The concept may be similar to Tesla’s approach, but the option to see four other EVs from the segment’s top manufacturers separates the store from anything you might find in the U.S. Even when automakers have joined forces to improve the prospects for electric vehicles, sales remain limited to a single brand or family of brands. While you can find a Tesla store shopping along Santa Monica’s 3rd Street Promenade, you can’t settle for a more affordable Nissan EV after you size up a Model S.
In Gislason’s system of marketing and selling green vehicles, these lines between automakers are nonexistent. Electric vehicles are the only constant.
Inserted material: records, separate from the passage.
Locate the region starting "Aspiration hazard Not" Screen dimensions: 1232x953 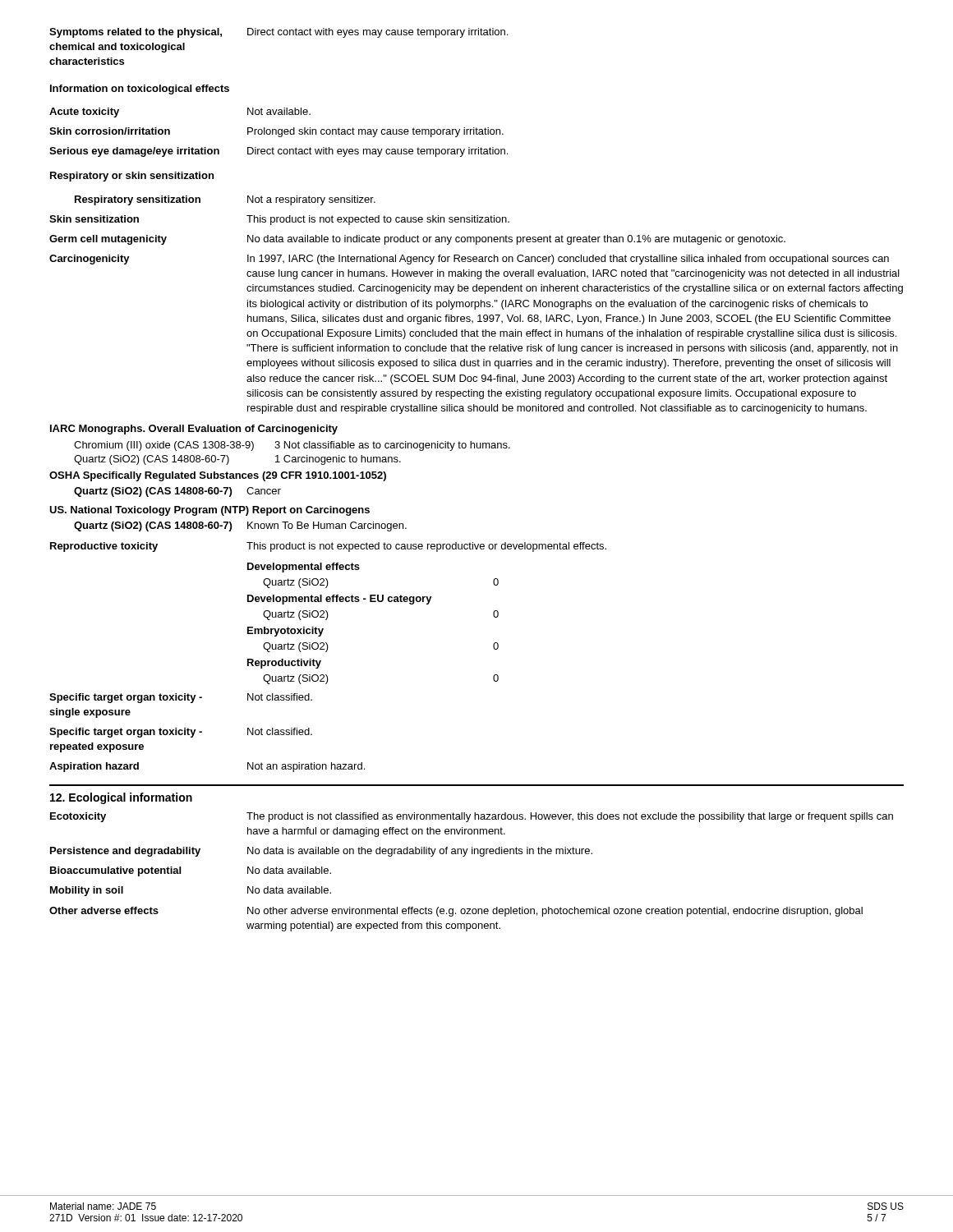(x=92, y=768)
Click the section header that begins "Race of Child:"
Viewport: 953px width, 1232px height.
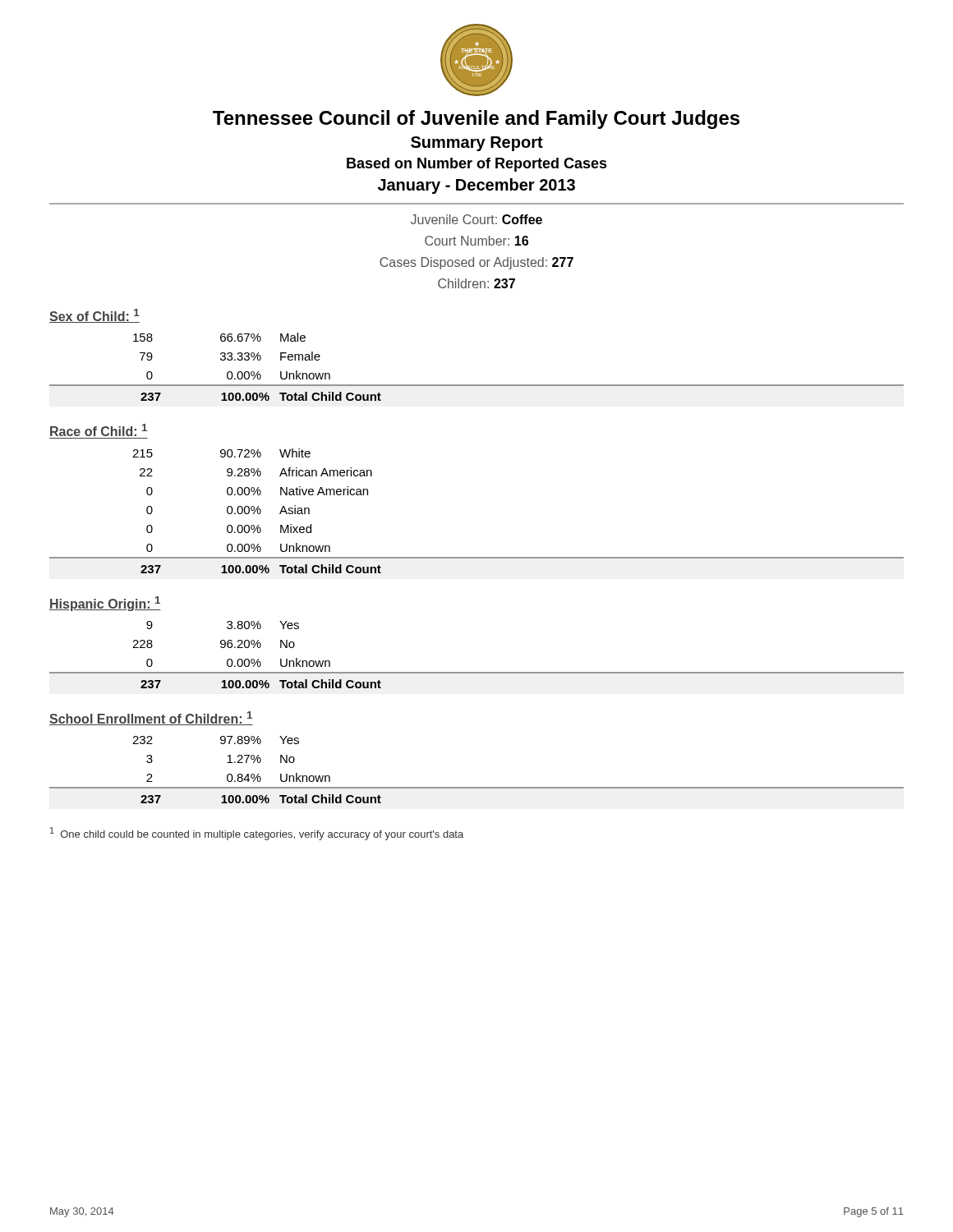98,430
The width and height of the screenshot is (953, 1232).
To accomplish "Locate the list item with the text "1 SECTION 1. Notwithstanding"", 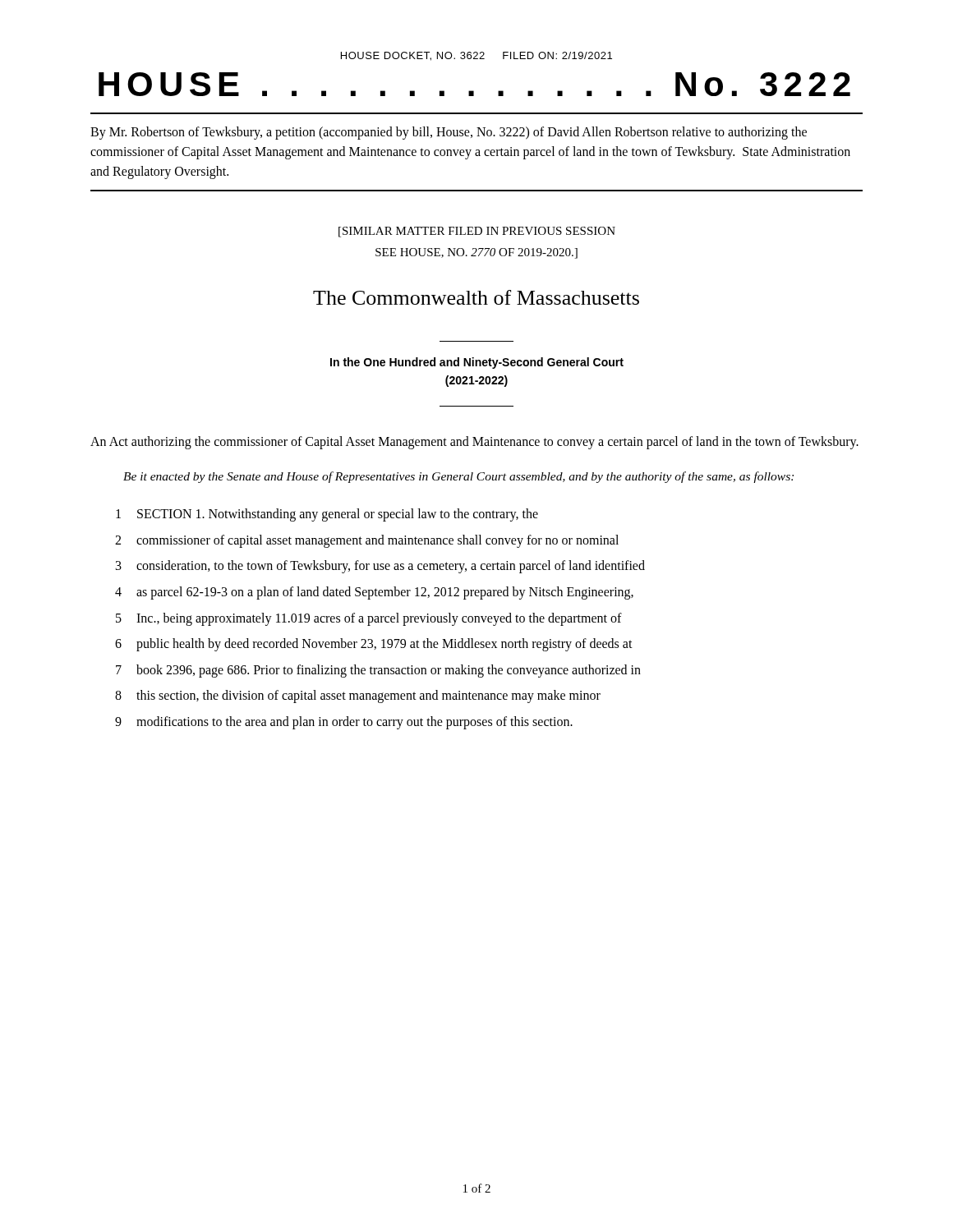I will [476, 514].

The EU’s different EV market
A glance at the EV market share in European Union countries explains why EVEN stores could work. Iceland, third in electric vehicle market share in recent years, trails only the Netherlands (4% in 2014) and Norway (14% in 2014) in electric vehicle adoption, Hybridcars.com reports.
France, Sweden, Switzerland, and Germany join these EU companies at the top of the pack in green car market share. Gislason plans to tap into that market if EVEN works in Iceland. According to AutoblogGreen, the entrepreneur hopes to open as many as 250 stores in the region. European countries face fewer problems in the road to EV adoption than the United States does, so the timing and location of the first EVEN store are both right.
As for the concept on U.S. shores, we have seen how automakers have agreed to jointly invest in infrastructure. Would General Motors and Ford join Tesla and the Renault-Nissan Alliance in boosting electric vehicles? In addition to regulatory hurdles the concept would face, such cooperation seems like a long shot.